Work item — An exact reprint of every record below is required, with the pictures left out.

○ ○ ○ ○

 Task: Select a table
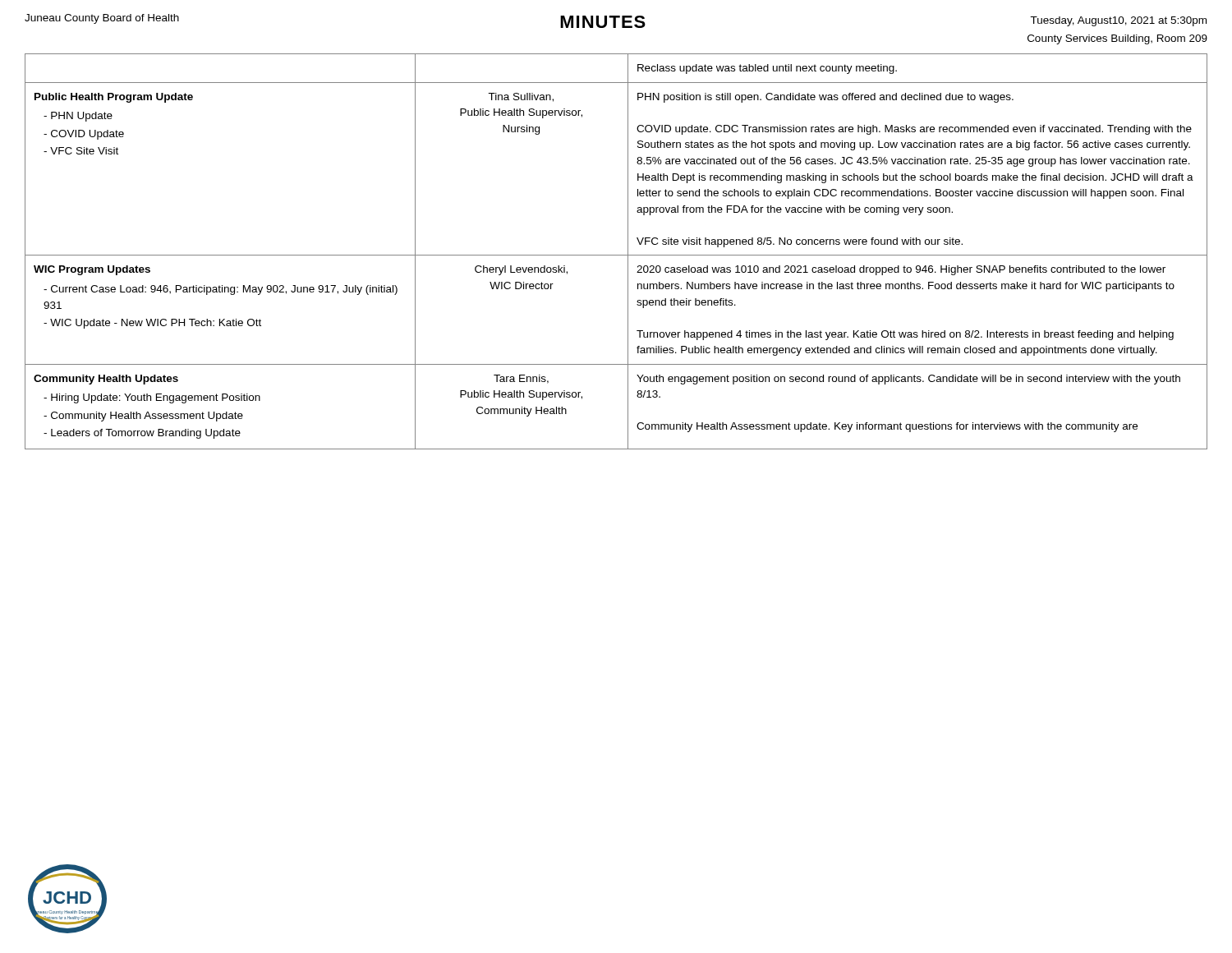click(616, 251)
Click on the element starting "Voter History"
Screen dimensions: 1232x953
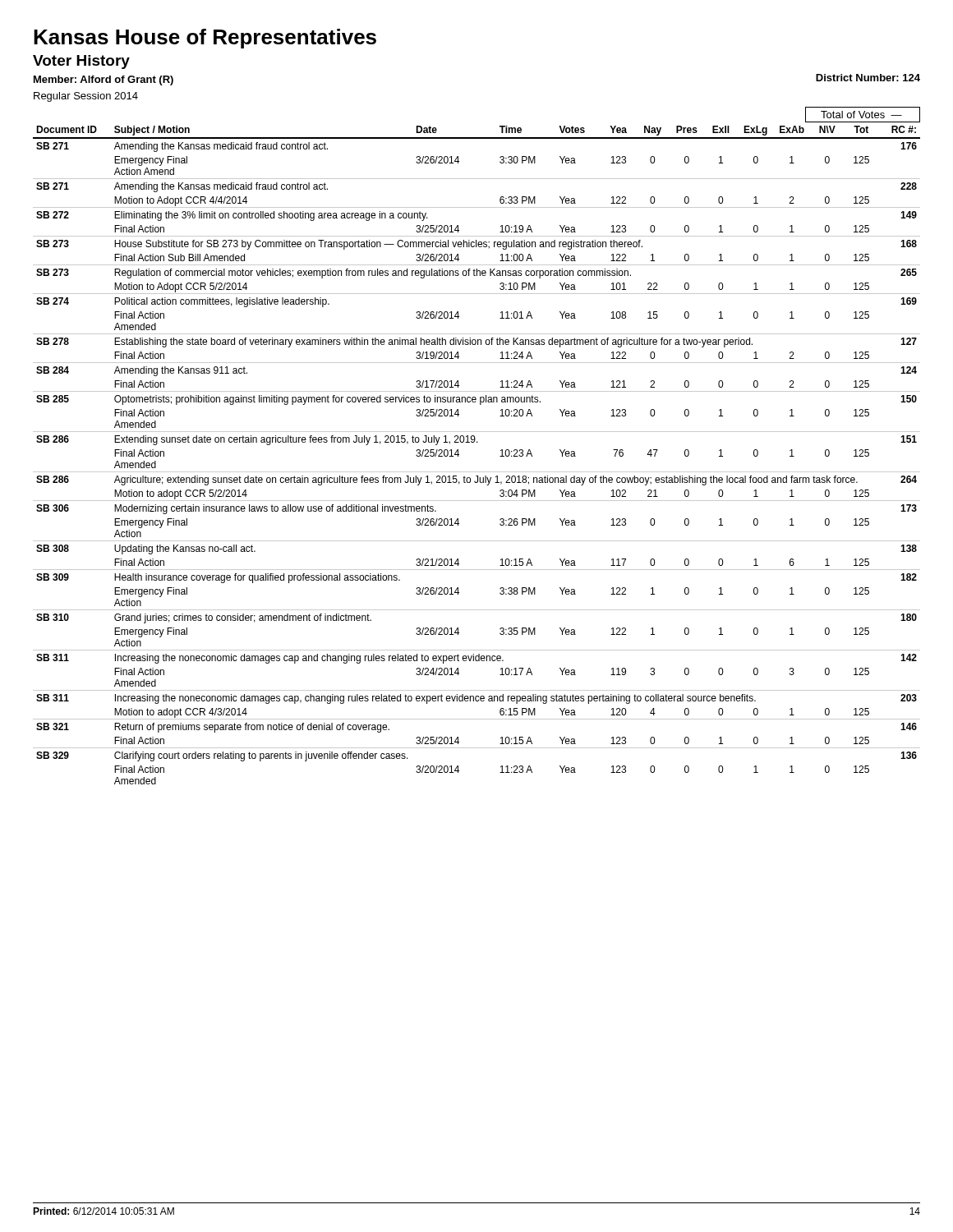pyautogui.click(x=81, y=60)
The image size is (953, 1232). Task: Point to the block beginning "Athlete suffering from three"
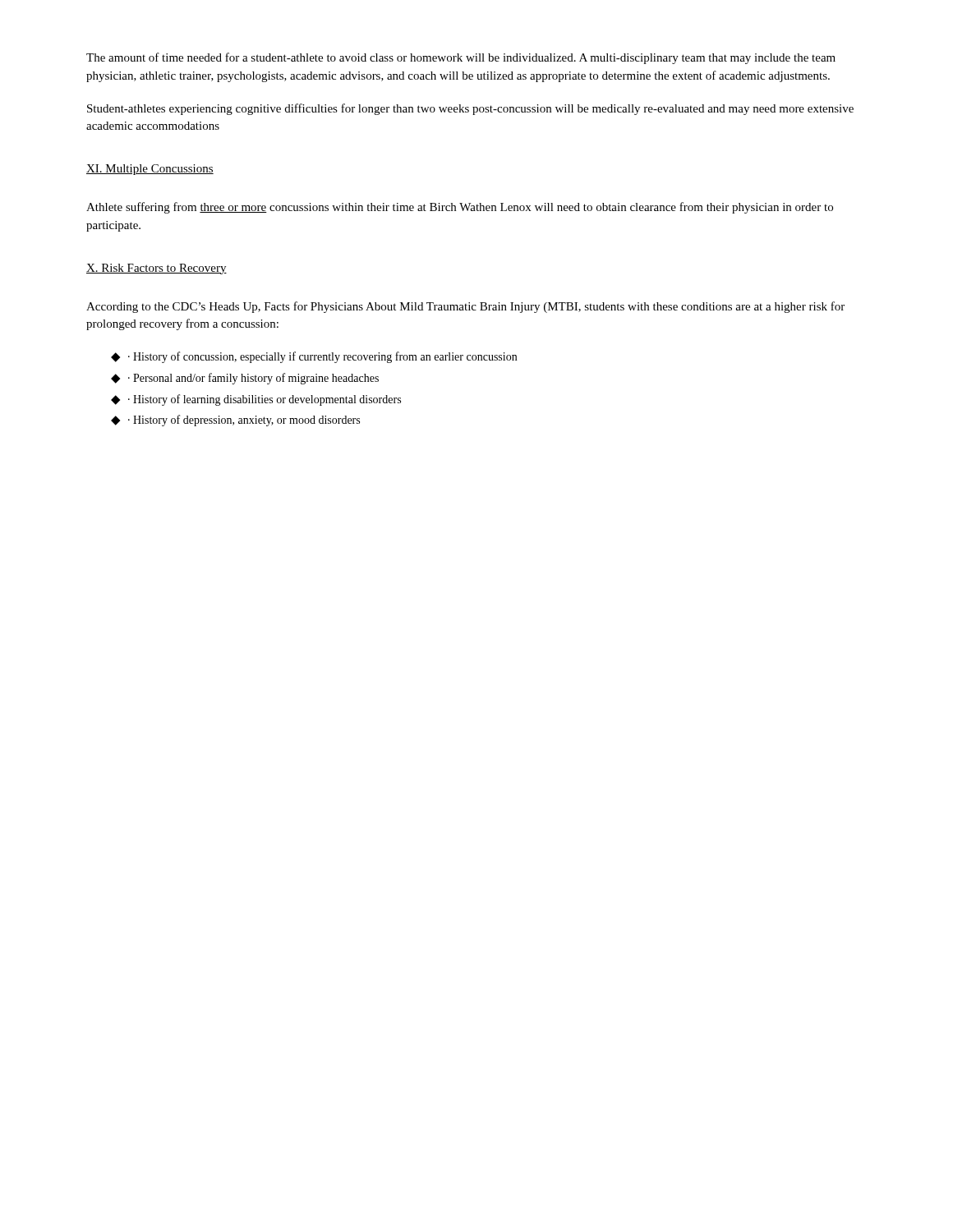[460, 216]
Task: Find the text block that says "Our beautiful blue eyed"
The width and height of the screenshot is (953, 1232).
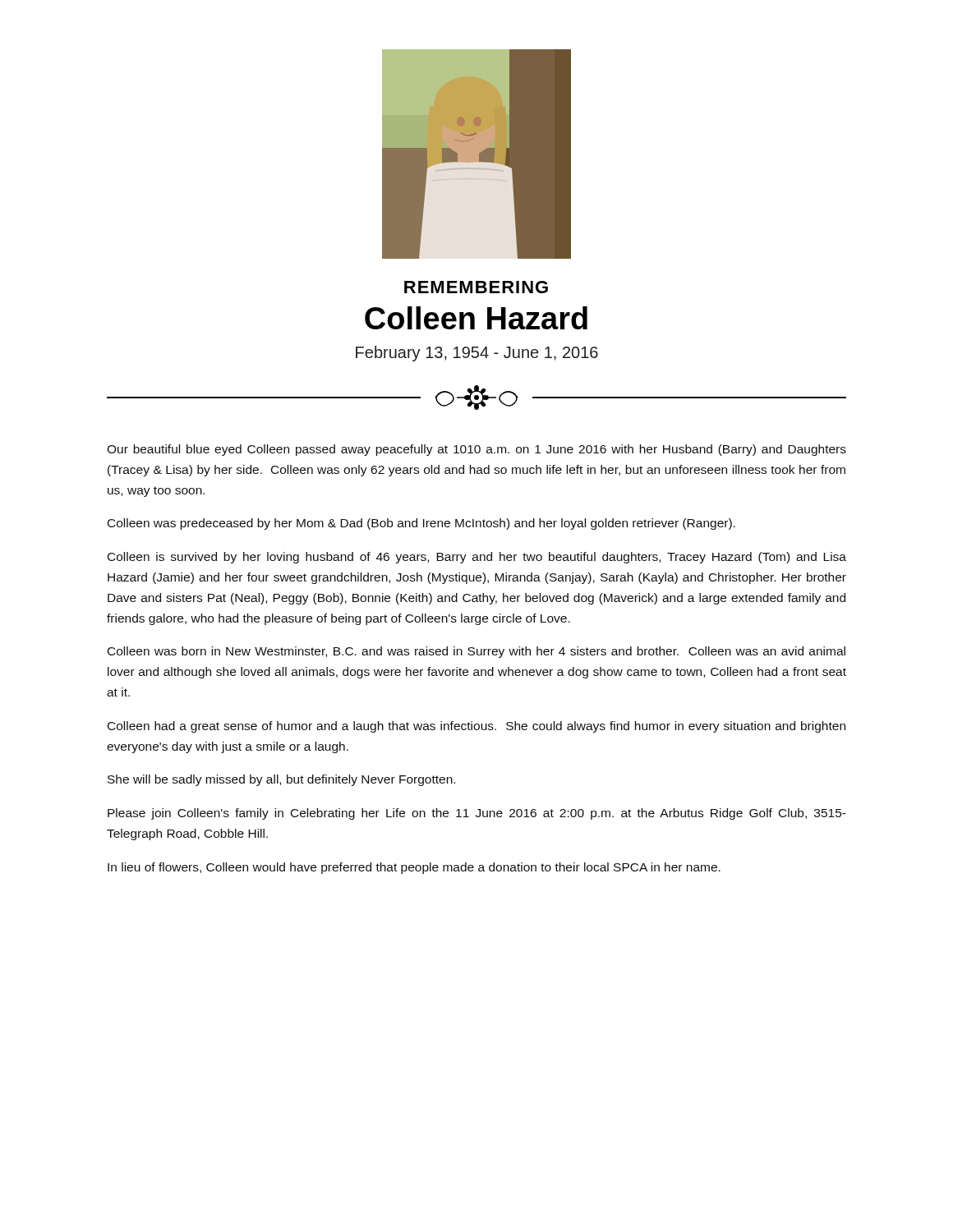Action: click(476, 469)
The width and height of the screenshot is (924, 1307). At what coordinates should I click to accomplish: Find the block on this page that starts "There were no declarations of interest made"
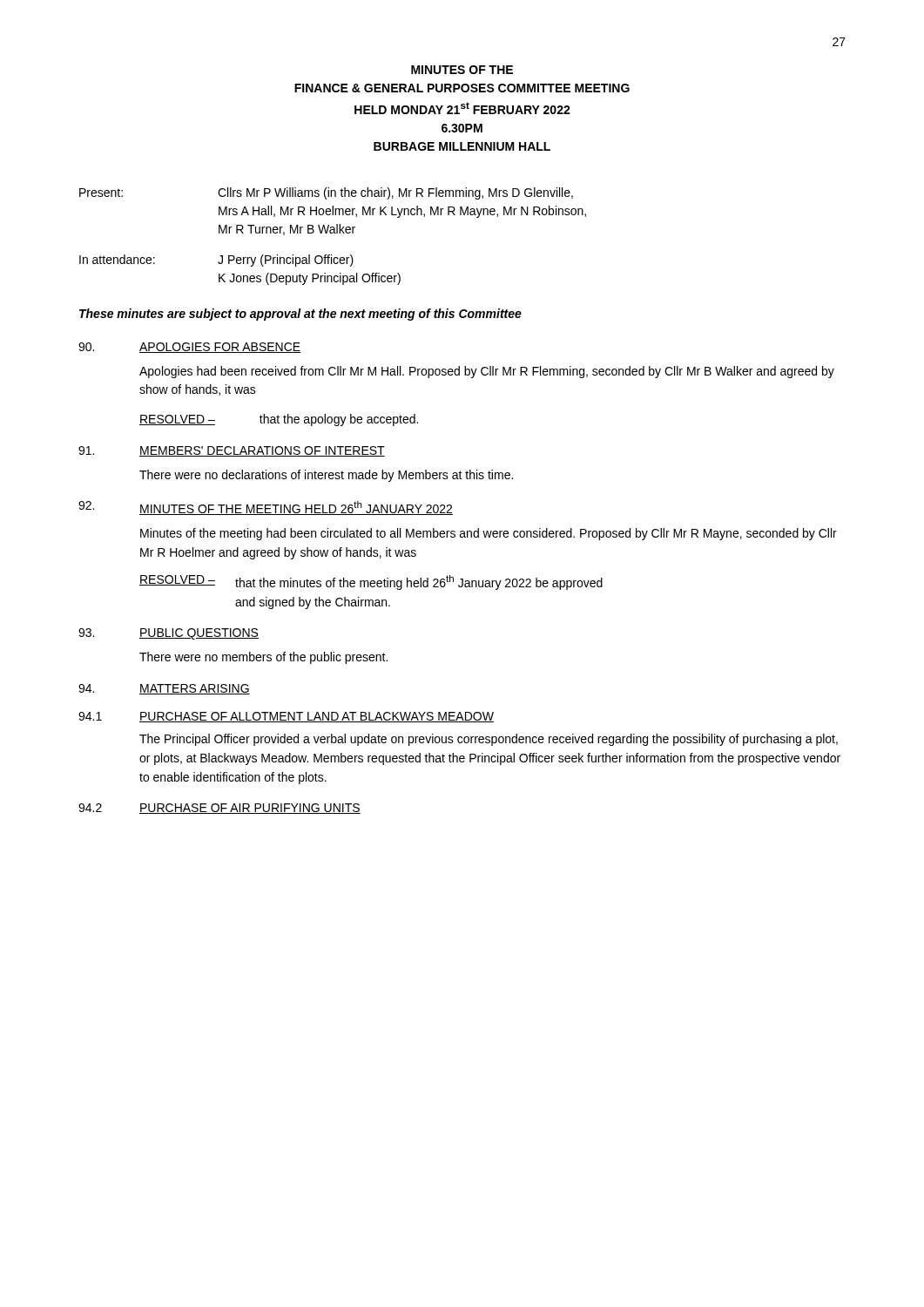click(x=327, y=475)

○ ○ ○ ○

Written answer —
 Task: Select a table
click(616, 251)
Click on the element starting "Voter History"
Screen dimensions: 1232x953
pyautogui.click(x=81, y=60)
The image size is (953, 1232). Task: Point to the block beginning "Athlete suffering from three"
[460, 216]
Task: Find the text block that says "Our beautiful blue eyed"
The width and height of the screenshot is (953, 1232).
Action: click(476, 469)
The width and height of the screenshot is (924, 1307). At what coordinates should I click to accomplish: Find the block on this page that starts "There were no declarations of interest made"
click(x=327, y=475)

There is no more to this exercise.